Repeat exactly the lines below that lie between the line with "- books at [276, 188, 286, 211]" and the line with "- books at [116, 200, 127, 223]", counting both of those lines as part of the answer.

____ Material provided

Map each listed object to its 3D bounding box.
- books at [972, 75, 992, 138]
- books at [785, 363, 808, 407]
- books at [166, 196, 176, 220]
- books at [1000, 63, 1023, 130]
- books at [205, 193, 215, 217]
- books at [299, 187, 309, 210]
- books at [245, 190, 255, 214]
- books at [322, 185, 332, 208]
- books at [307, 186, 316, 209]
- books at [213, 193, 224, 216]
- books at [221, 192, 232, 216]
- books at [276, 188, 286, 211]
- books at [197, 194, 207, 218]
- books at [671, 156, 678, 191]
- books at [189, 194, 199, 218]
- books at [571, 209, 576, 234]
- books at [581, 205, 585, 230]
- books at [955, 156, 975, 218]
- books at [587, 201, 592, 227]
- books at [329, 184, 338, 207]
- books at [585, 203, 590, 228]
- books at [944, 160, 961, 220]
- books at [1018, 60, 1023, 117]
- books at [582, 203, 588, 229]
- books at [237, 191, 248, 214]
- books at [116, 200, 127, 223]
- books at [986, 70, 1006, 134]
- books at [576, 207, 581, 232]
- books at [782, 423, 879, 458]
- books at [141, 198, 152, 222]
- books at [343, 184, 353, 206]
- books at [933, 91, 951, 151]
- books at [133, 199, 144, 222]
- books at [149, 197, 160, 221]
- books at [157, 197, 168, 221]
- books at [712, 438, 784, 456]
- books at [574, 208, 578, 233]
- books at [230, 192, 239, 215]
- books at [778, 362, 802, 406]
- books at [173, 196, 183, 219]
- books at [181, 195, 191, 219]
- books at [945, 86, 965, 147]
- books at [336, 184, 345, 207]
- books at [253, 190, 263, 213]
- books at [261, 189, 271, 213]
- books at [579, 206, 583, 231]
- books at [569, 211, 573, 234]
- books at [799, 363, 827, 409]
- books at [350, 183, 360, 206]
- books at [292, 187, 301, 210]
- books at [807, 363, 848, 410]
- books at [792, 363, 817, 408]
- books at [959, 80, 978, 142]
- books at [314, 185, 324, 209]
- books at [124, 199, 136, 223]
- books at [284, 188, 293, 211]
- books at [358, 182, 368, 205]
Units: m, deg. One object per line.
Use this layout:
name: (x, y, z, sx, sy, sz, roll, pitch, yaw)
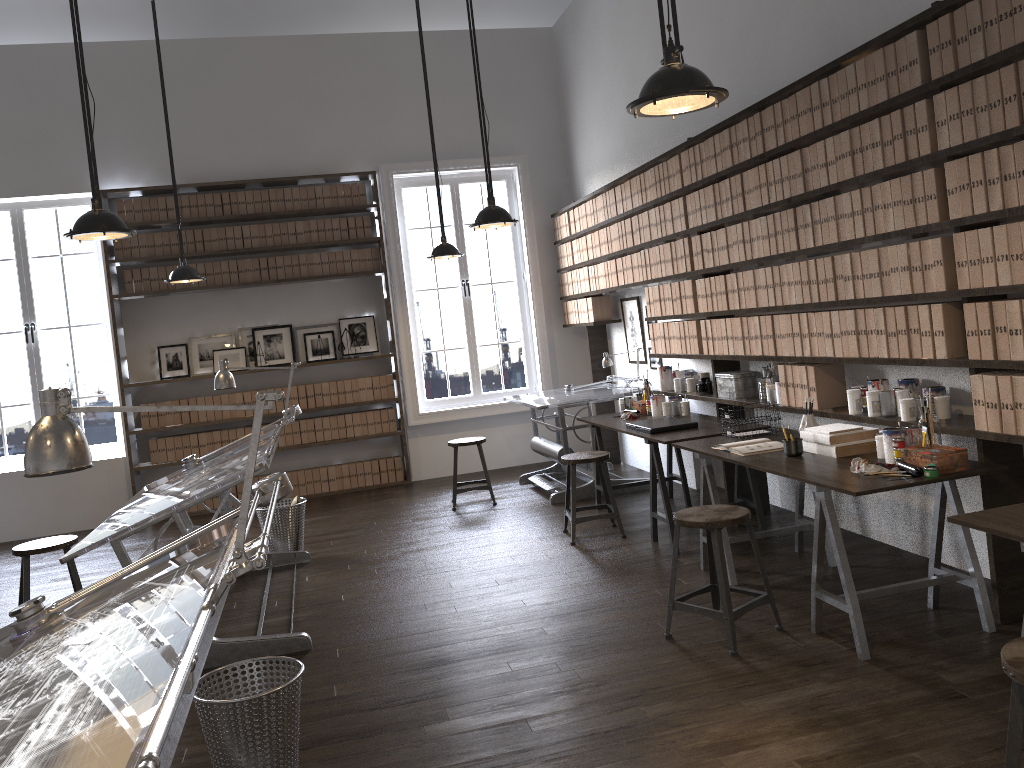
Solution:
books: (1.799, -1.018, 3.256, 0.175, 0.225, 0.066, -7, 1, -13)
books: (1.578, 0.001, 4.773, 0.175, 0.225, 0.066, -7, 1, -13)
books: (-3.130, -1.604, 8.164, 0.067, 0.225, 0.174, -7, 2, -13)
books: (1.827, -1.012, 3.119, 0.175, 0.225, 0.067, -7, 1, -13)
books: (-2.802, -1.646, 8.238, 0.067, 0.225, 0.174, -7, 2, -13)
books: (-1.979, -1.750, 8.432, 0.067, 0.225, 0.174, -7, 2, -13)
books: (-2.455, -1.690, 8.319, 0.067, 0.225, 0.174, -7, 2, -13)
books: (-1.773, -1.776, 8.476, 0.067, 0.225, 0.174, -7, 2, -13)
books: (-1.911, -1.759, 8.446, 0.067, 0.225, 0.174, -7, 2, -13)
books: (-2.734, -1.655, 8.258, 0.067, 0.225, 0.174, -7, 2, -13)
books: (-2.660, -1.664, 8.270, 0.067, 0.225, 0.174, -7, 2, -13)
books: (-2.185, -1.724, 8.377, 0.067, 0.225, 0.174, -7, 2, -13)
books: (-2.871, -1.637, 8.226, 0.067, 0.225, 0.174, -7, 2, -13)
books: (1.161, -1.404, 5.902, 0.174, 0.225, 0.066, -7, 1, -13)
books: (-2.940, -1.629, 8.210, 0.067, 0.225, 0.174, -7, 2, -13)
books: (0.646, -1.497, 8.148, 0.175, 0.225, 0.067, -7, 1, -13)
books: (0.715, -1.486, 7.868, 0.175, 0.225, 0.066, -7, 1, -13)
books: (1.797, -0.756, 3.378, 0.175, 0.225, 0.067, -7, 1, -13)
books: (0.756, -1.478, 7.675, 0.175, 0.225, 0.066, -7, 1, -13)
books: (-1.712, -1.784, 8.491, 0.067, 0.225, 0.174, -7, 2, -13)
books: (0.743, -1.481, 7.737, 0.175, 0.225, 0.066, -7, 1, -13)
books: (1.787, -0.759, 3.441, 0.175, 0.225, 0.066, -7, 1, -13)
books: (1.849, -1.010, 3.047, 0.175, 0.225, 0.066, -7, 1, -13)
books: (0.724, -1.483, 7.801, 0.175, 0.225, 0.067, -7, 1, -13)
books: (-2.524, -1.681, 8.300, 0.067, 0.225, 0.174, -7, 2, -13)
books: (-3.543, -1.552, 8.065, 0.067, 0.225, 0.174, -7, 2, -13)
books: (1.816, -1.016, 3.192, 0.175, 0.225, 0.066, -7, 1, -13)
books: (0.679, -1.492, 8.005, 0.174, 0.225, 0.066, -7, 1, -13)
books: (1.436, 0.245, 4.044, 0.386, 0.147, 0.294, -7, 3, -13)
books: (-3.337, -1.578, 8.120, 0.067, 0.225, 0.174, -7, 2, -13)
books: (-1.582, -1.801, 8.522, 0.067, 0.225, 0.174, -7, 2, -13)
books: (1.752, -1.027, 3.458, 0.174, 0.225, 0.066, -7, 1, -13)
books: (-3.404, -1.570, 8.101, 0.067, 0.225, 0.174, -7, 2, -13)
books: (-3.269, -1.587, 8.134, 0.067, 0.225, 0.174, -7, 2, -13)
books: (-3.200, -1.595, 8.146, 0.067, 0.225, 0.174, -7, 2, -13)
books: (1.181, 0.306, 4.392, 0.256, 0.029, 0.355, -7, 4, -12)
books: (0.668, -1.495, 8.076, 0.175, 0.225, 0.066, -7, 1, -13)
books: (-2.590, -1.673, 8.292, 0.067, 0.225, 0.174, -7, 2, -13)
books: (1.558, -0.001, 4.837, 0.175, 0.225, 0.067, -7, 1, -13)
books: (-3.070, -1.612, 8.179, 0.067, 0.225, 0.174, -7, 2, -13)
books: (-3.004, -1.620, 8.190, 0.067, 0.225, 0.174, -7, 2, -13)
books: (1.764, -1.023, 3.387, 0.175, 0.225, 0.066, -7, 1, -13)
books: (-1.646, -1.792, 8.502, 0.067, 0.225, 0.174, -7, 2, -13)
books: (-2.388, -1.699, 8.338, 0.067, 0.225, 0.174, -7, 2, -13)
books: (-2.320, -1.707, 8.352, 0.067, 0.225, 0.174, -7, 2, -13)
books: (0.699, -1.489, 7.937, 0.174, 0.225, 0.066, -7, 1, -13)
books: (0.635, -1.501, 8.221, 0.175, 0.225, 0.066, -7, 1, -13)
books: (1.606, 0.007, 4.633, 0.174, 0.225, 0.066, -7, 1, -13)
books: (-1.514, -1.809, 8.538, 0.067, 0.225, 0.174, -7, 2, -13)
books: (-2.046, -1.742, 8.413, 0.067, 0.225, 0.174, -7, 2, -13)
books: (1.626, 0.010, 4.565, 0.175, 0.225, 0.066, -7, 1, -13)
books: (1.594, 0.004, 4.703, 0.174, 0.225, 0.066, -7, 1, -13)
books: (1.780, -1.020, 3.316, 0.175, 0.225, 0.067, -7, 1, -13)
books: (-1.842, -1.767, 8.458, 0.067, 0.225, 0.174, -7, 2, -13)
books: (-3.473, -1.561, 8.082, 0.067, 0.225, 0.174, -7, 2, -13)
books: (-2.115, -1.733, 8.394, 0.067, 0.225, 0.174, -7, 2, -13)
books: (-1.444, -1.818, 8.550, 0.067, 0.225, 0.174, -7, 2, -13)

________

__Expected answer__.
- books at [276, 188, 286, 211]
- books at [197, 194, 207, 218]
- books at [671, 156, 678, 191]
- books at [189, 194, 199, 218]
- books at [571, 209, 576, 234]
- books at [581, 205, 585, 230]
- books at [955, 156, 975, 218]
- books at [587, 201, 592, 227]
- books at [329, 184, 338, 207]
- books at [585, 203, 590, 228]
- books at [944, 160, 961, 220]
- books at [1018, 60, 1023, 117]
- books at [582, 203, 588, 229]
- books at [237, 191, 248, 214]
- books at [116, 200, 127, 223]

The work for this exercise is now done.